Zulässiger (dispositiver) Inhalt eines Mietvertrages über Geschäftsräume:

Verwendungszweck

  • Zweck bestimmt die zulässige Nutzung
  • bestimmt den vertragsgemässen Zustand des Mietobjektes (wichtig falls Mängel geltend gemacht werden)

Mietdauer

  • Festlegung Mietbeginn
  • Festlegung ob befristetes (inkl. Dauer) oder unbefristetes Mietverhältnis
  • evtl. Festlegung Kündigungsfrist
  • evtl. Einräumung eines einseitigen Kündigungsrecht zu Gunsten des Mieters
  • evtl. Festlegung einer Option auf Verlängerung zu Gunsten des Mieters
    • Achtung: sog. unechte Optionen (d.h. wenn zukünftiger Mietzins nicht festgelegt resp. bestimmbar ist) sind nicht durchsetzbar

Sicherheitsleistung (vgl.
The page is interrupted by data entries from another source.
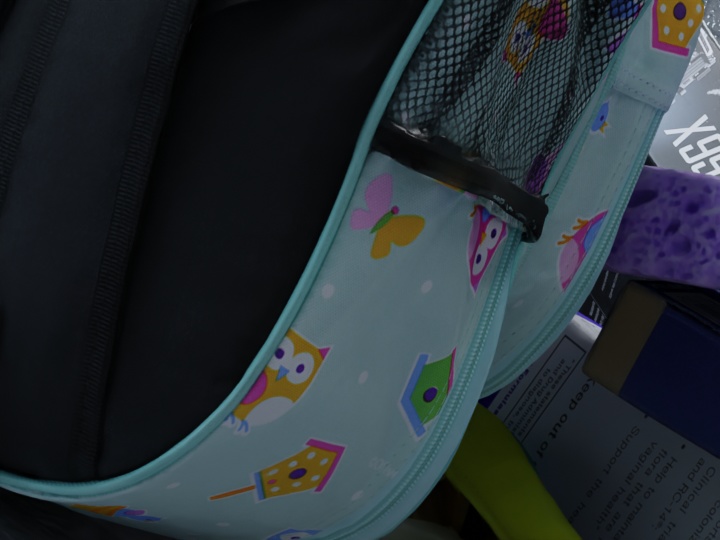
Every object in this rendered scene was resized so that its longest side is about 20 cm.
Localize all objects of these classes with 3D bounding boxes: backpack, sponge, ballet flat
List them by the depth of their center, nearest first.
[{"bbox_3d":[-0.029,-0.036,0.662,0.175,0.201,0.153,23,-7,35],"label":"backpack"},{"bbox_3d":[0.025,0.082,0.753,0.067,0.067,0.200,8,20,-29],"label":"ballet flat"},{"bbox_3d":[0.068,-0.015,0.756,0.199,0.030,0.111,11,3,42],"label":"sponge"}]

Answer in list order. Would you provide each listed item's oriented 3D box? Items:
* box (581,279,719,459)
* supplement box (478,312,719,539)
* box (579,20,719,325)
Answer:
[{"bbox_3d":[0.160,0.064,0.750,0.199,0.033,0.121,30,8,17],"label":"box"},{"bbox_3d":[0.103,0.105,0.796,0.101,0.104,0.200,32,4,-33],"label":"supplement box"},{"bbox_3d":[0.111,0.034,0.981,0.158,0.050,0.200,57,-25,30],"label":"box"}]

OR 257e)

  • vgl. Mietzinsdepot / Mietzinskaution
  • vertragliche Vereinbarung nötig
  • unbeschränkte Höhe
  • in Form von Geld oder Wertpapieren
    • muss bei einer Bank auf den Namen des Mieters hinterlegt werden
    • Bank gibt diese nur mit Zustimmung beider Parteien, aufgrund eines rechtskräftigen Zahlungsbefehls / Urteils oder wenn der Vermieter innert einem Jahr seit Beendigung des Mietverhältnisses keinen Anspruch gegen diesen erhebt.
  • in Form einer Bankgarantie
    • abstraktes Zahlungsversprechen einer Bank, für den Fall, dass bestimmte Voraussetzungen eintreten (z.B. Aufforderung des Vermieters, dass ein bestimmter Betrag aus dem Mietverhältnis geschuldet ist)
    • Bank kann keine Einwendungen aus dem Grundgeschäft (z.B. dass Mietvertrag nicht gültig sei oder Mietzinse nicht geschuldet) erheben
    • Bank wird eine solche Garantie nur ausstellen, wenn sie vom Mieter genügend Sicherheiten hat
  • in Form einer Bürgschaft
    • akzessorische Verpflichtung des Bürgen, ebenfalls für die Hauptschuld einzustehen
    • Achtung: diverse Gesetzesvorschriften sind zu beachten!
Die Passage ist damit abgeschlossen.